← Back to context

Comment by _as_text

1 year ago

I have now read the paper and it alone is enough to make me seriously consider devoting significant amount of my time to the author's project. Here's why:

In my introductory statistics class, I learned that a independent and identically distributed sample is a sequence of random variables X[1], ..., X[n], all of the same signature Omega -> (usually) R. All of them are pairwise independent, and all of them have the same distribution, e.g. the same density function. Elsewhere in probability I have learned that two random variables that have the same density function are, for all intents and purposes, the same.

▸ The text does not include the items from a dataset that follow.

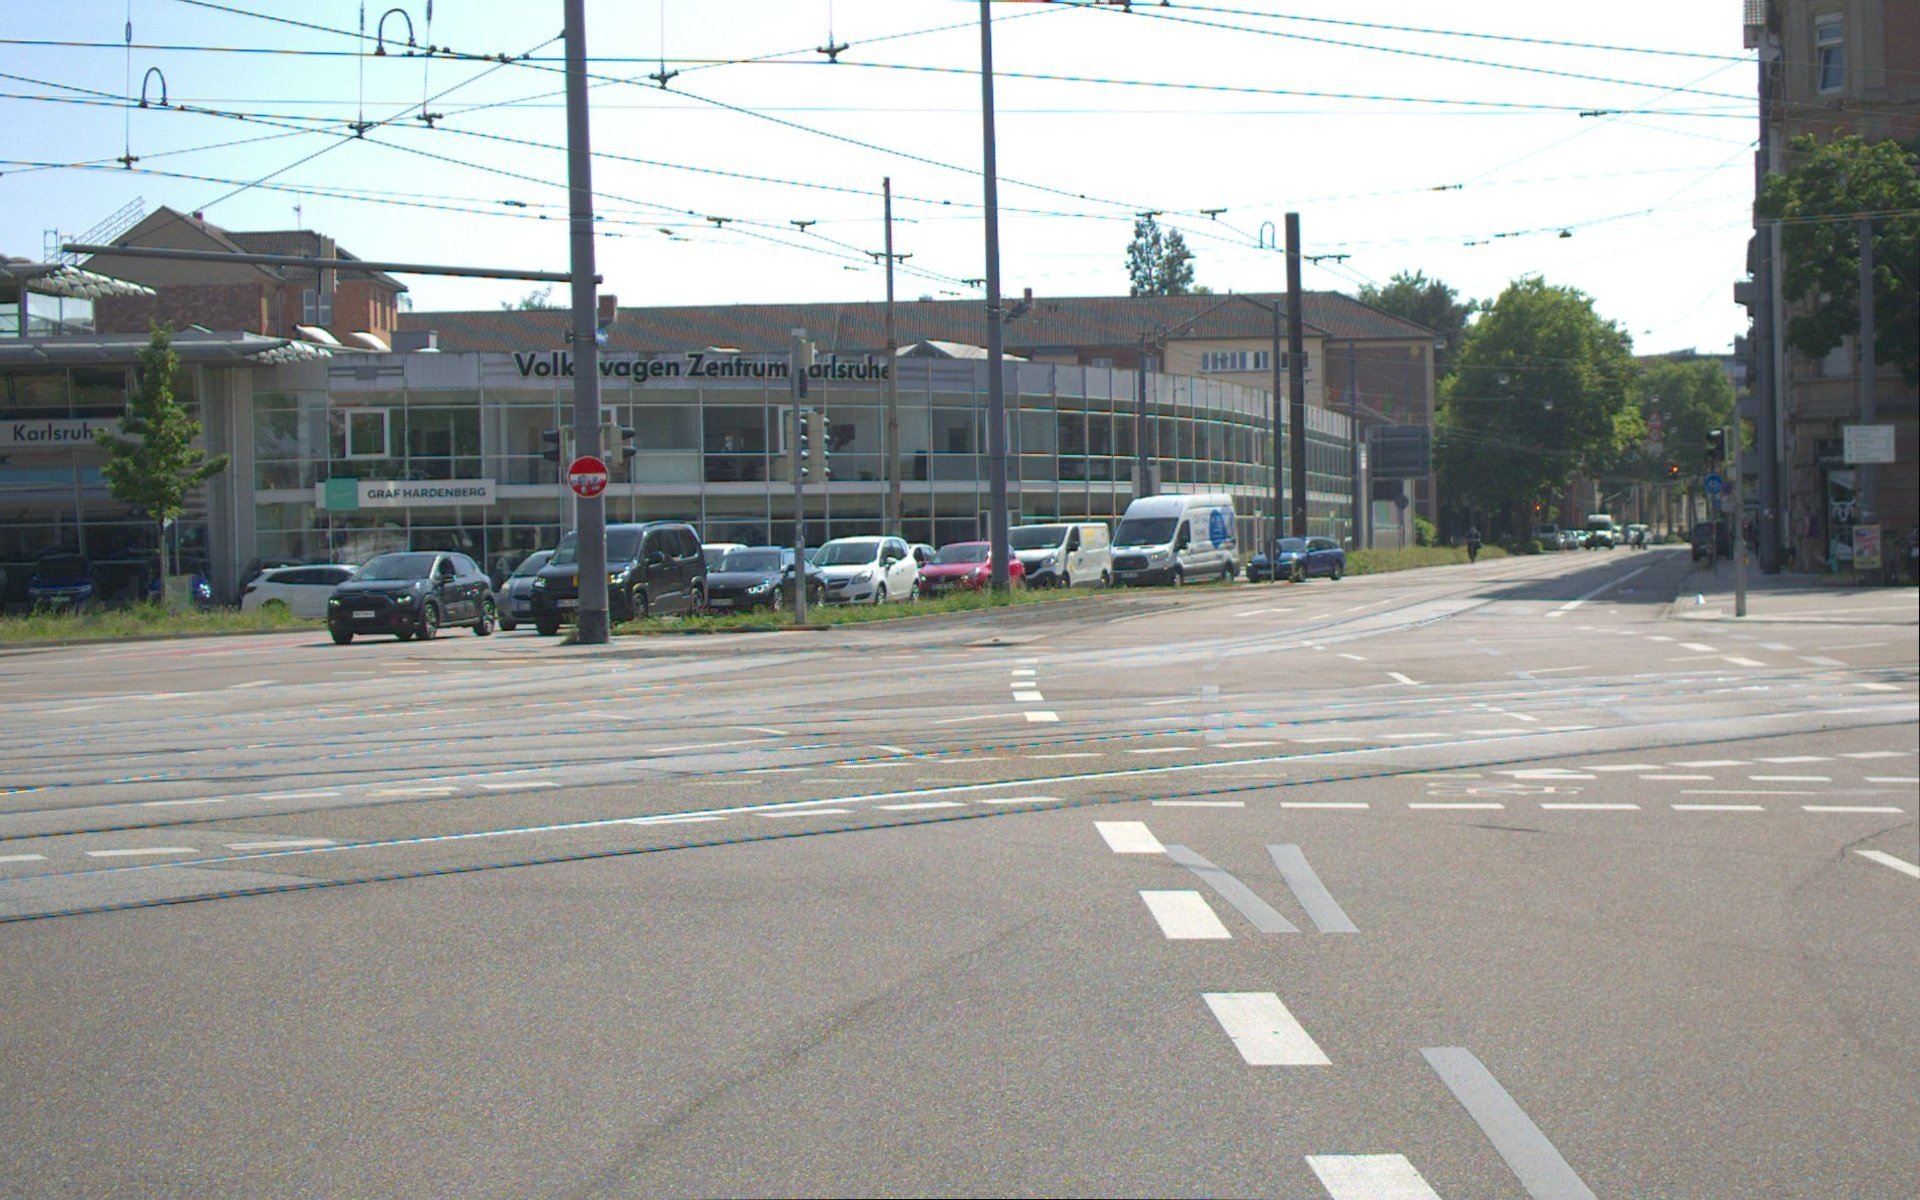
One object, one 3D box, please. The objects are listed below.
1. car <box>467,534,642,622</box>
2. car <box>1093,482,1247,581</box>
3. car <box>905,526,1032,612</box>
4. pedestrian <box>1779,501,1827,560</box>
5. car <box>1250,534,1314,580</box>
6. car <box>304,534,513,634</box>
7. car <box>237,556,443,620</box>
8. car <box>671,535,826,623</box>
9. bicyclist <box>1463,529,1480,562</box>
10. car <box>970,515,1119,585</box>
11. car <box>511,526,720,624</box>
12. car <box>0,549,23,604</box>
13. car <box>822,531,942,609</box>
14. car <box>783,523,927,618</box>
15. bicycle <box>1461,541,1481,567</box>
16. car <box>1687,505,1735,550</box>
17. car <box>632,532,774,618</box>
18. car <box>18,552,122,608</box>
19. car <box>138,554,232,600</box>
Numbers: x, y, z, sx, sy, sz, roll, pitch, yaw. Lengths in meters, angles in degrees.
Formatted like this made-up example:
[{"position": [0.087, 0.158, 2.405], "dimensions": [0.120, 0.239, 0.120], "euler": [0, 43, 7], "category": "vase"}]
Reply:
[{"position": [-7.588, -0.398, 64.702], "dimensions": [1.895, 1.582, 3.997], "euler": [-1, 0, 15], "category": "car"}, {"position": [5.792, -1.831, 94.022], "dimensions": [2.211, 2.567, 5.867], "euler": [1, 0, 24], "category": "car"}, {"position": [0.221, -0.689, 79.634], "dimensions": [1.895, 1.910, 4.197], "euler": [-1, 0, 15], "category": "car"}, {"position": [20.911, -1.720, 85.326], "dimensions": [0.710, 1.428, 0.886], "euler": [-2, 1, -39], "category": "pedestrian"}, {"position": [10.265, -1.346, 109.431], "dimensions": [1.385, 1.409, 3.010], "euler": [1, 0, 18], "category": "car"}, {"position": [-9.263, -0.257, 58.041], "dimensions": [1.893, 1.582, 4.207], "euler": [-1, 0, 15], "category": "car"}, {"position": [-14.681, -0.279, 81.436], "dimensions": [4.587, 1.431, 1.443], "euler": [1, 0, 12], "category": "car"}, {"position": [-3.976, -0.383, 65.336], "dimensions": [1.895, 1.582, 3.998], "euler": [-1, 0, 13], "category": "car"}, {"position": [24.611, -2.598, 165.386], "dimensions": [0.752, 1.562, 1.086], "euler": [1, 0, 12], "category": "bicyclist"}, {"position": [2.181, -1.270, 86.715], "dimensions": [2.187, 1.675, 5.024], "euler": [-1, 1, 21], "category": "car"}, {"position": [-5.817, -0.453, 58.736], "dimensions": [1.962, 1.582, 4.713], "euler": [-1, 1, 15], "category": "car"}, {"position": [-27.093, -0.641, 94.020], "dimensions": [1.993, 1.481, 4.001], "euler": [-1, 1, -3], "category": "car"}, {"position": [-1.877, -0.713, 84.148], "dimensions": [1.808, 1.840, 4.197], "euler": [-1, 0, 15], "category": "car"}, {"position": [-2.180, -0.605, 72.674], "dimensions": [1.895, 1.910, 4.197], "euler": [-1, 0, 15], "category": "car"}, {"position": [24.598, -2.197, 165.349], "dimensions": [0.752, 1.190, 2.837], "euler": [1, 0, 12], "category": "bicycle"}, {"position": [35.147, -3.394, 160.841], "dimensions": [2.110, 2.007, 3.998], "euler": [1, 0, 13], "category": "car"}, {"position": [-5.369, -0.509, 72.274], "dimensions": [1.652, 1.733, 4.197], "euler": [-1, 0, 15], "category": "car"}, {"position": [-24.310, -0.556, 94.061], "dimensions": [1.993, 1.481, 4.001], "euler": [1, 0, -3], "category": "car"}, {"position": [-21.108, -0.622, 93.751], "dimensions": [1.830, 1.191, 4.000], "euler": [1, 0, -3], "category": "car"}]

For all, really? Let's take X[i] and X[j] from some i.i.d. random sample, i != j. They have the same density, which leads us to write X[i] = X[j]. They are also independent, hence

P(X[i] in A, X[j] in A) = P(X[i] in A)*P(X[j] in A),

but X[i] = X[j], so

P(X[i] in A, X[j] in A) = P(X[i] in A, X[i] in A) = P(X[i] in A), so

P(X[i] in A) in {0, 1}.

This was a real problem for me, and I believe I had worse results in that statistics class than I would have if the concept was introduced properly. It took me a while to work out a solution for this. Of course, you can now see that the strict equality X[i] = X[j] is indefensible, in the sense that in general X[i](omega) != X[j](omega) for some atom omega. If you think about what needs to be true about Omega in order for it to have two different variables, X[i] and X[j]:Omega -> R, that are i.i.d, then it will turn out that you need Omega to be a categorical product of two probability spaces:

Omega = Omega[i] x Omega[j]

and X[i] (resp. X[j]) to be the same variable X composed with projection onto first (resp. second) factor. This definition of "sampling with replacement" is able to withstand all scrutiny.

Of course, just like in Buzzard's example of ring localization, it was all caused by someone being careless about using equality.